While reading the listing below, count how many lines hold the word "Very", and answer with the number only.

(Dataset)

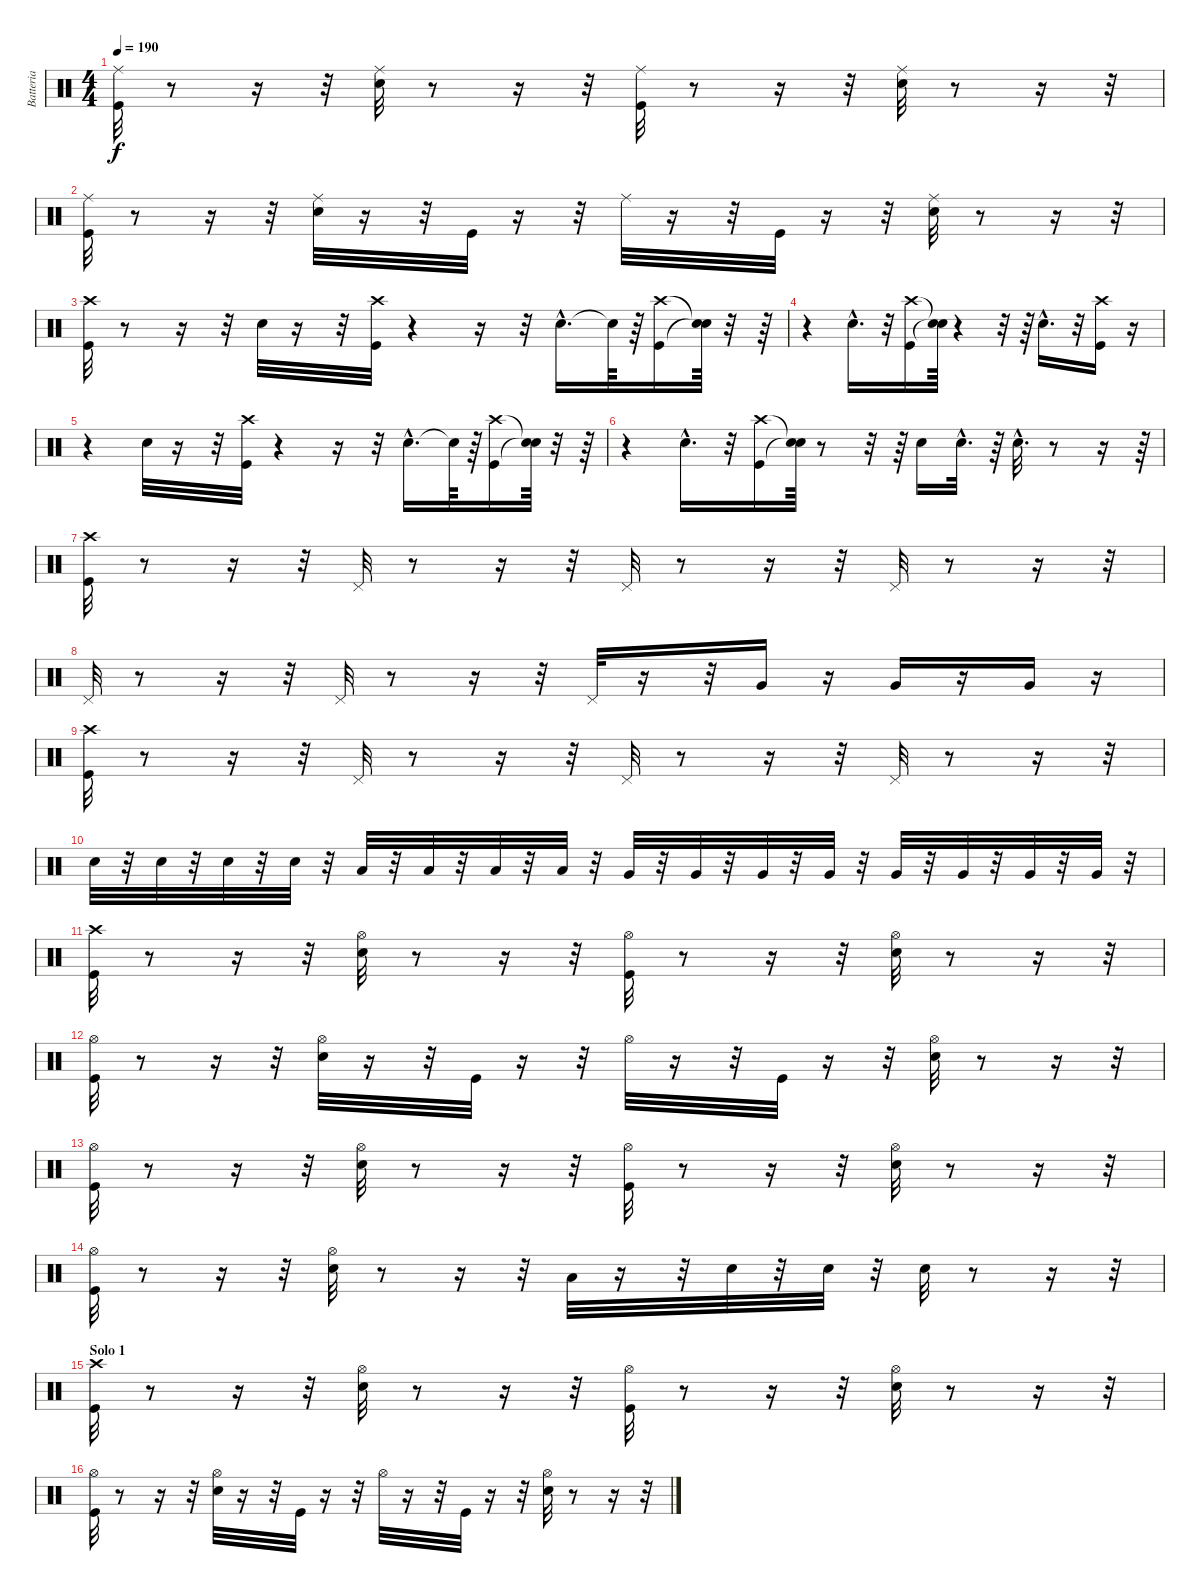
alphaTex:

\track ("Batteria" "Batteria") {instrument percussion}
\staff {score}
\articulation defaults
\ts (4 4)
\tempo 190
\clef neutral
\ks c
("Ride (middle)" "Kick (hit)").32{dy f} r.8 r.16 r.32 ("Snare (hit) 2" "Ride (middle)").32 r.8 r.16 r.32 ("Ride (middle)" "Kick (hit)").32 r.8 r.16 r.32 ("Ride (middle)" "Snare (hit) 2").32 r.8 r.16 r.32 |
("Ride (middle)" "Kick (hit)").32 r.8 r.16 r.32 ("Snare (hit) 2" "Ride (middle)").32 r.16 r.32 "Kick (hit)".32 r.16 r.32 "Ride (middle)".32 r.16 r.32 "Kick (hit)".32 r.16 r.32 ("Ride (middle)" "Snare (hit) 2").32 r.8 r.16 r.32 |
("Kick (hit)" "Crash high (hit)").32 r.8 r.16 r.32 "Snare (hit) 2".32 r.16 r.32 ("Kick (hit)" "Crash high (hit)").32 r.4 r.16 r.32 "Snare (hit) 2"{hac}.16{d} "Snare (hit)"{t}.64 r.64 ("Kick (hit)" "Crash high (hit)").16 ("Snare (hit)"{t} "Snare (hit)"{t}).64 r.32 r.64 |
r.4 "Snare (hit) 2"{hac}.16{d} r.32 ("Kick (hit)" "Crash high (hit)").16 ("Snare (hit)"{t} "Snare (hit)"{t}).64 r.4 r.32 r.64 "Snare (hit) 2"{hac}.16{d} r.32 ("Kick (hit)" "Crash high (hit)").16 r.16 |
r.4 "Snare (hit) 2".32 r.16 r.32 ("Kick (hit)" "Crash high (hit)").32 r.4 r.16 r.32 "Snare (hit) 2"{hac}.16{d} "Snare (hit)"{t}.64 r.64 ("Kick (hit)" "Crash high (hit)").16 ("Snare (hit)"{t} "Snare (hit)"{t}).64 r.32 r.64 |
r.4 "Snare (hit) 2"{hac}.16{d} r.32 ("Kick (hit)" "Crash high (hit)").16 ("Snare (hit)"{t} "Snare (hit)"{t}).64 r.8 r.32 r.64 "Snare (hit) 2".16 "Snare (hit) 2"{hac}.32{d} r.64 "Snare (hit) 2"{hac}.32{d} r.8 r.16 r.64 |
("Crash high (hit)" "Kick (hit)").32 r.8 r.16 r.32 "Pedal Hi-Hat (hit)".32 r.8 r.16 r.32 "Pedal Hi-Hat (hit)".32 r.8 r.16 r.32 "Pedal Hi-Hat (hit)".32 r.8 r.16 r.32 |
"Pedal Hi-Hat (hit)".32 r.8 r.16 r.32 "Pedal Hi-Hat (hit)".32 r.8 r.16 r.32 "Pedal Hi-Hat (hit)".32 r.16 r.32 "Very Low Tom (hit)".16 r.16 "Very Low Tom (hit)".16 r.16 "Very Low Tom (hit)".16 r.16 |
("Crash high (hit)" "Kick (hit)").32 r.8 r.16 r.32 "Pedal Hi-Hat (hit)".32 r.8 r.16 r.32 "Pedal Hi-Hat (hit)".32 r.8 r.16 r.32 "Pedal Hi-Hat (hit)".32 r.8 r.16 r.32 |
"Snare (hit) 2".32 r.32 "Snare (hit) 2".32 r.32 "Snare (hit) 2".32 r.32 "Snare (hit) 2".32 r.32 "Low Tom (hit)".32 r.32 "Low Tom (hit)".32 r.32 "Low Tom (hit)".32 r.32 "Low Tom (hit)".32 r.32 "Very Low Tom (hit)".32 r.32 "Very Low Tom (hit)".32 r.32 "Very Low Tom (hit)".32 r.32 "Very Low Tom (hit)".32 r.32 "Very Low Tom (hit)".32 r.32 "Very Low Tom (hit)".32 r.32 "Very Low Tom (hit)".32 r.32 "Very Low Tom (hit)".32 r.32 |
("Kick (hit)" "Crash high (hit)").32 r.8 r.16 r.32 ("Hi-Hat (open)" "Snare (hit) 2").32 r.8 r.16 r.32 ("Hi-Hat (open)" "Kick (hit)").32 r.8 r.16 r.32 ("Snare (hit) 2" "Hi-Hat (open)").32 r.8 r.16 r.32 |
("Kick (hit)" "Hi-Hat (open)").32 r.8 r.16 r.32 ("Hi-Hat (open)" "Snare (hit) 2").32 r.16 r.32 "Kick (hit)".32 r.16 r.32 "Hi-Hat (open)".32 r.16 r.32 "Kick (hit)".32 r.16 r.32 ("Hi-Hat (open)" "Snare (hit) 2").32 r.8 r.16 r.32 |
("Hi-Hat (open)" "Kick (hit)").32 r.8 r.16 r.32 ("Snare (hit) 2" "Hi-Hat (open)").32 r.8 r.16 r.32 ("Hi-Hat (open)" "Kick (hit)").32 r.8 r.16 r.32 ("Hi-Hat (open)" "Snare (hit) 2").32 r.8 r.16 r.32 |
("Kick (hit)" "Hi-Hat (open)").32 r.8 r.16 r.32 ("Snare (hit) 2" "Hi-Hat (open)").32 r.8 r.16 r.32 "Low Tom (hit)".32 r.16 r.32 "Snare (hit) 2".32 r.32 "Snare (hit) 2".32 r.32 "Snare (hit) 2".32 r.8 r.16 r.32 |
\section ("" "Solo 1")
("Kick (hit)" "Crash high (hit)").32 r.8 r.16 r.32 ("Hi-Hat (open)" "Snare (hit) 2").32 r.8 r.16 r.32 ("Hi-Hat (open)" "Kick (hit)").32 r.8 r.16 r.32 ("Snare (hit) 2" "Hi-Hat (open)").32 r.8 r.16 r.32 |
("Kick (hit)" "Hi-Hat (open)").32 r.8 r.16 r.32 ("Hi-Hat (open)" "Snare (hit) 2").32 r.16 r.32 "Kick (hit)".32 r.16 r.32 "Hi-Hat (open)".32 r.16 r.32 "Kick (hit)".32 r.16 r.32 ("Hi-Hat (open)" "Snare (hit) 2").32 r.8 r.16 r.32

(End Dataset)
(Dataset)

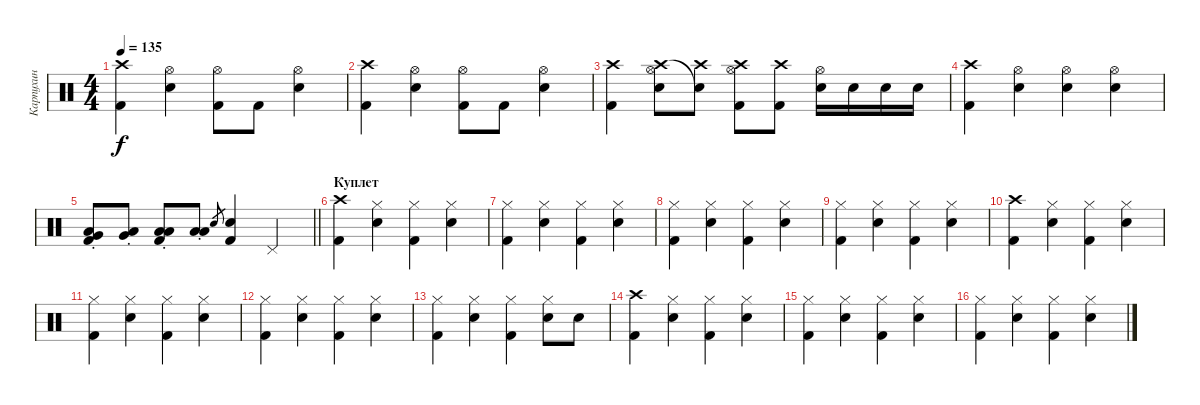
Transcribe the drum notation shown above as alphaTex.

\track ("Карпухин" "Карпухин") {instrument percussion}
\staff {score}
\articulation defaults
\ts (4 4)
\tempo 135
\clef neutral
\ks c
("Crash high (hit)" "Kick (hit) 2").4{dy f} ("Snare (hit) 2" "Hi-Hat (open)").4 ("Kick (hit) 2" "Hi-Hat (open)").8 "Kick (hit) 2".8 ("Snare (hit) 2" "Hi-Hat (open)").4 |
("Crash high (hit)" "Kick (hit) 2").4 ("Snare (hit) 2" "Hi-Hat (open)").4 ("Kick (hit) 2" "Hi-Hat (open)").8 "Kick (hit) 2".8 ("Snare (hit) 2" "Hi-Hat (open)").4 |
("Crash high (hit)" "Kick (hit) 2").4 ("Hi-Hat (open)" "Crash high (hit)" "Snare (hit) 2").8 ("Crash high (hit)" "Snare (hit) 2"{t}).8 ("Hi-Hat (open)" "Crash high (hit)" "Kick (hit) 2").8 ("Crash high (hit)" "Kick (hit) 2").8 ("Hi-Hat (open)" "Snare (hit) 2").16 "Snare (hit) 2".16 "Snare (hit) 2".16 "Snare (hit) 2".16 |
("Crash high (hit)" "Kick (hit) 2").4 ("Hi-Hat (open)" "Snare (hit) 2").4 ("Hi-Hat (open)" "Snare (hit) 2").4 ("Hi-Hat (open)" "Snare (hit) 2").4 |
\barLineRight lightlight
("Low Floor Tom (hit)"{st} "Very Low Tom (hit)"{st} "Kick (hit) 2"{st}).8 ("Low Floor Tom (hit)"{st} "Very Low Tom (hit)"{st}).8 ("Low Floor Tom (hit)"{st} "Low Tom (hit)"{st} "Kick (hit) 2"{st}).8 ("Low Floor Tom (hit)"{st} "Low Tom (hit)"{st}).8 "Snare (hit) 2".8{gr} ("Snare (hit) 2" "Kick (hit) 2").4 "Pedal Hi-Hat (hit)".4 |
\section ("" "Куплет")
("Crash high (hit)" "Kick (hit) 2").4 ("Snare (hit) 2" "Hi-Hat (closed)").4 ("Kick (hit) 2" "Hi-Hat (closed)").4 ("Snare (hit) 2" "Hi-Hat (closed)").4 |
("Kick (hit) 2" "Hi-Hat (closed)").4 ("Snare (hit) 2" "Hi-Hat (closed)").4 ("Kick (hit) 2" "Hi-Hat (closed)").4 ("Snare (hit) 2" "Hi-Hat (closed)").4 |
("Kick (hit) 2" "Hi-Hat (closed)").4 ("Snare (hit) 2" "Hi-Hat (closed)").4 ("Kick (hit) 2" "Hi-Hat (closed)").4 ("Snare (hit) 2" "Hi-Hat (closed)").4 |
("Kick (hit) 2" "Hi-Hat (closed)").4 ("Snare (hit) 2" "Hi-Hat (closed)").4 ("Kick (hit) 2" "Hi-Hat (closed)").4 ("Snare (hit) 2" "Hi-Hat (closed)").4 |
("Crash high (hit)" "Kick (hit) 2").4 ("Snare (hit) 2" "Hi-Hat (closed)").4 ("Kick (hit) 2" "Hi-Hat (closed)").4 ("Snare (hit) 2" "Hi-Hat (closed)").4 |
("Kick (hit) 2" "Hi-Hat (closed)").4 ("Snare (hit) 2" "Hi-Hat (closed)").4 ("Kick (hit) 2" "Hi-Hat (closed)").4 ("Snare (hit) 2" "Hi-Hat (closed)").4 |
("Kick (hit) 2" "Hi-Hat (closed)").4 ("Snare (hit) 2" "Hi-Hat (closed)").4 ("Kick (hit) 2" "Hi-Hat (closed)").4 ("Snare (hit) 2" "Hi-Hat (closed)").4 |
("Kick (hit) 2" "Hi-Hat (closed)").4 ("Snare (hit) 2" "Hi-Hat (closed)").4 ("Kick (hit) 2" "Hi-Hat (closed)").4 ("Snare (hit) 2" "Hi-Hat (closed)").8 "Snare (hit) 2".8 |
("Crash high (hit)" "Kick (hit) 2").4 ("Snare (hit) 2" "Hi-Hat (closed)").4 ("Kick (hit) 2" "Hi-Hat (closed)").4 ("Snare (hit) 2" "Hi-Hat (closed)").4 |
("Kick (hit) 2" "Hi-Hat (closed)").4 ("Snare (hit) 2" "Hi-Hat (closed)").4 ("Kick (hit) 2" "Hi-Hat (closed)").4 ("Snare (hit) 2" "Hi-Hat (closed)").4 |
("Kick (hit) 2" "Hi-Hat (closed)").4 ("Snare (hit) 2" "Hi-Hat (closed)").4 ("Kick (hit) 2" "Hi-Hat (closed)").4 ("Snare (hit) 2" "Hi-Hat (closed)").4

(End Dataset)
(Dataset)

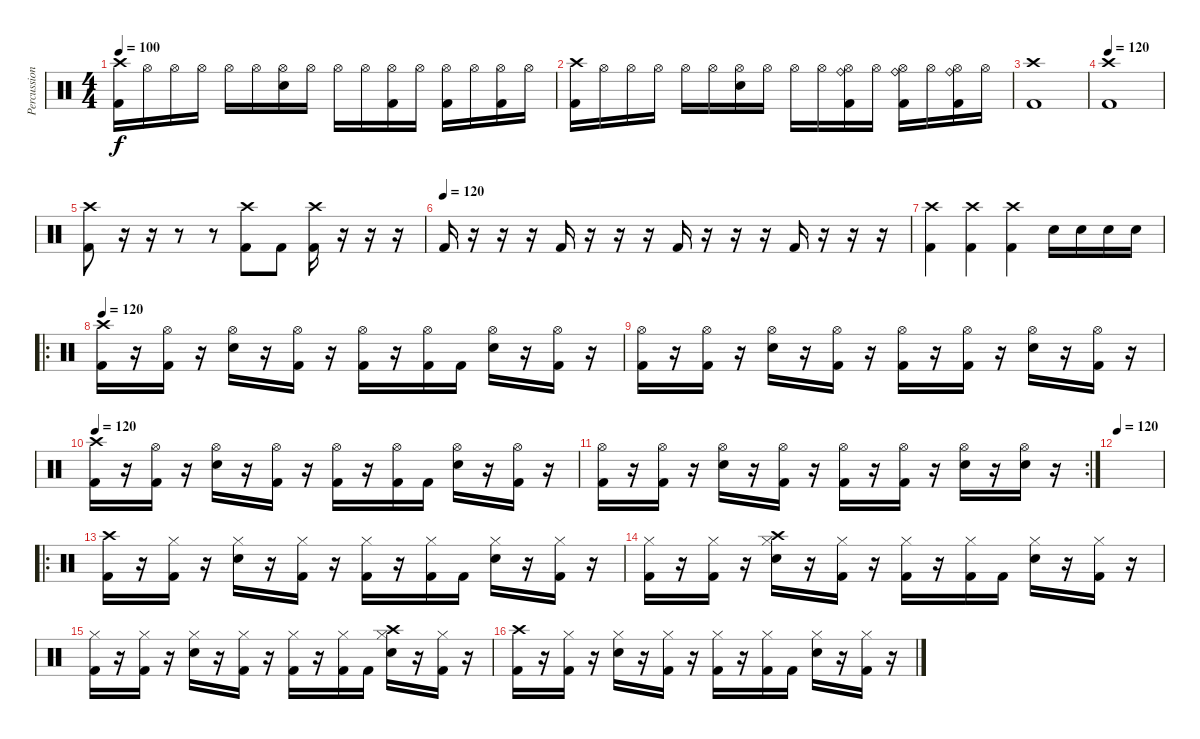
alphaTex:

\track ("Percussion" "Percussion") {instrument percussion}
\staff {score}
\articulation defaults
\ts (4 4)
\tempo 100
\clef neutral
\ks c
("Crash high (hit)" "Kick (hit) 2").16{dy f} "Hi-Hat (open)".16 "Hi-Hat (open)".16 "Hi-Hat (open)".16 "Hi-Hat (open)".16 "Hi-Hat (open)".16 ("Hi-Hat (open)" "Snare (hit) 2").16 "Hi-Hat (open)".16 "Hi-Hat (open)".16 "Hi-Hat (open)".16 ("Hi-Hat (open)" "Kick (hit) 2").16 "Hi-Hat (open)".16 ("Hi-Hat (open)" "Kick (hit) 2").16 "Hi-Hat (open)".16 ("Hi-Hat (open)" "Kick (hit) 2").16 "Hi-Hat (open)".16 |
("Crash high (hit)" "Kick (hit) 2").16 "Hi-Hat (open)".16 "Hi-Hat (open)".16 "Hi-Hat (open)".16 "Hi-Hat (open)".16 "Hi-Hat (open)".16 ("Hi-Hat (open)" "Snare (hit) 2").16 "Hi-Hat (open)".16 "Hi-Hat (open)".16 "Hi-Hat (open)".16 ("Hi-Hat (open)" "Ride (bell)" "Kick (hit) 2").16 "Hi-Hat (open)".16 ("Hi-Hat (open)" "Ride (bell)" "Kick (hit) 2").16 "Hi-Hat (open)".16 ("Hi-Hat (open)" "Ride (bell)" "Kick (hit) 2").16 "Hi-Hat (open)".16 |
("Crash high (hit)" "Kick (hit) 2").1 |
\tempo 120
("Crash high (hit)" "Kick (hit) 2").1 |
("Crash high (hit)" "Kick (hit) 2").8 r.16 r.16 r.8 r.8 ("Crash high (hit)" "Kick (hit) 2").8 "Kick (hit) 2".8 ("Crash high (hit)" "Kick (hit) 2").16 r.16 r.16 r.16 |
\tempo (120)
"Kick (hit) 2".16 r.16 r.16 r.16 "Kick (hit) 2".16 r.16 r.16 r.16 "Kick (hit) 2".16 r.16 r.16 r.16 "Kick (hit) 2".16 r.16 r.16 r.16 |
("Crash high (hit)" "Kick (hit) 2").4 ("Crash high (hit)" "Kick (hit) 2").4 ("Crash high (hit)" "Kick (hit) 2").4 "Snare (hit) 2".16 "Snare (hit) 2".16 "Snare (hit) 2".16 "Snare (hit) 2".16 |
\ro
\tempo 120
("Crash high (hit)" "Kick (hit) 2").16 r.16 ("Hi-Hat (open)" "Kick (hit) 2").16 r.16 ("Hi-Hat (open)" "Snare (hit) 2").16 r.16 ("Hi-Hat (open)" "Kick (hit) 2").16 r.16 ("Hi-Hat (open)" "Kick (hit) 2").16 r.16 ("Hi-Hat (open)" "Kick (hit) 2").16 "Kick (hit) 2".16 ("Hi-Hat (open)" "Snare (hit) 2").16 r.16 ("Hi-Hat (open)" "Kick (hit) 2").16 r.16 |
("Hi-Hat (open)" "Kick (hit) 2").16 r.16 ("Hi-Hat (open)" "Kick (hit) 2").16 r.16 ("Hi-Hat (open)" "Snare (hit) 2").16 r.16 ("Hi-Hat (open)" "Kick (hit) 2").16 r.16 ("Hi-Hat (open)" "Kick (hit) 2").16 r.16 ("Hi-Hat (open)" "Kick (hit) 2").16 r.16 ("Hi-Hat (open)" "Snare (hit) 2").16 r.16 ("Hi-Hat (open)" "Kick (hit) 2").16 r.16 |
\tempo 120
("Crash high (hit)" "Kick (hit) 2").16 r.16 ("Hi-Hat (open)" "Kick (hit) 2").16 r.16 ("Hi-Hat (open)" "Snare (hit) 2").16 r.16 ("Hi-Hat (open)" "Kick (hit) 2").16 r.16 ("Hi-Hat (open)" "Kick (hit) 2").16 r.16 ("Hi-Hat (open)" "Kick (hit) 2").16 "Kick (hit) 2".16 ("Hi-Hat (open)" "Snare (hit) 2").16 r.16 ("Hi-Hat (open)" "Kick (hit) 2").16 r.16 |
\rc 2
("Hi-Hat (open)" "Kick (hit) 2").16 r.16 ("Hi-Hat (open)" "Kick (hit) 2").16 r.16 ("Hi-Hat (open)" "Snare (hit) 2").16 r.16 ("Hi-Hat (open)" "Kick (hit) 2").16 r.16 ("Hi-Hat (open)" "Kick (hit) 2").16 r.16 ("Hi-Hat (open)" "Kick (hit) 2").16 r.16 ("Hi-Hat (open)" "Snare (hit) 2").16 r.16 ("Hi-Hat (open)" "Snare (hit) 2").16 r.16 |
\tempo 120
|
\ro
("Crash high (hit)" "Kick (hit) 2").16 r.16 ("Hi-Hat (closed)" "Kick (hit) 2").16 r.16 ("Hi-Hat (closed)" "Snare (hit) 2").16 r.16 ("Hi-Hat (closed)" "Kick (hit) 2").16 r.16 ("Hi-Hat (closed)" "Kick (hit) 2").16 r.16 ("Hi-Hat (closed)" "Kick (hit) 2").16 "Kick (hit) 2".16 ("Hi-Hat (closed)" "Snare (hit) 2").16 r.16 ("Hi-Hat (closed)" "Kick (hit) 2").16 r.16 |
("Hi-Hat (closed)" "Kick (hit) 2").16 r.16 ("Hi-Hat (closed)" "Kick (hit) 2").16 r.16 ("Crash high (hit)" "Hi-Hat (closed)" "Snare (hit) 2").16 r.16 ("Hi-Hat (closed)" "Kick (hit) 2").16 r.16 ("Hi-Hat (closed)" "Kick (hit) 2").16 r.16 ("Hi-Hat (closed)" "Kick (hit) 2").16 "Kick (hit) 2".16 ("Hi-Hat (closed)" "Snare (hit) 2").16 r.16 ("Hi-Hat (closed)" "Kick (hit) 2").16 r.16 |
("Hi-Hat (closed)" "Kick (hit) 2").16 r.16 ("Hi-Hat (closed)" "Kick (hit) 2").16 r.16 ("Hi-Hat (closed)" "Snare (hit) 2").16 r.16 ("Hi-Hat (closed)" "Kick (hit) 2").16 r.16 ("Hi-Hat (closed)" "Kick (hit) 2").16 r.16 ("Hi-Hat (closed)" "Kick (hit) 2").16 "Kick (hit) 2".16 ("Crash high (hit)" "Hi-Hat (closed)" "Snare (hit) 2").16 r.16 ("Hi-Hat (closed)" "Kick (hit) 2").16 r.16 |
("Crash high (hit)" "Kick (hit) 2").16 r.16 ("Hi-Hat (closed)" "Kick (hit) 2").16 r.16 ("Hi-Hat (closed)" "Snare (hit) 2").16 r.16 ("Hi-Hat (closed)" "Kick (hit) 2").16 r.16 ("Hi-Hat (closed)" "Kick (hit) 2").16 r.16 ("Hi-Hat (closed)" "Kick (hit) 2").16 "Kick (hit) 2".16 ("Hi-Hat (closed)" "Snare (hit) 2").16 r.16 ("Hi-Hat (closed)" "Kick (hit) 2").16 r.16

(End Dataset)

● **Task solution**
3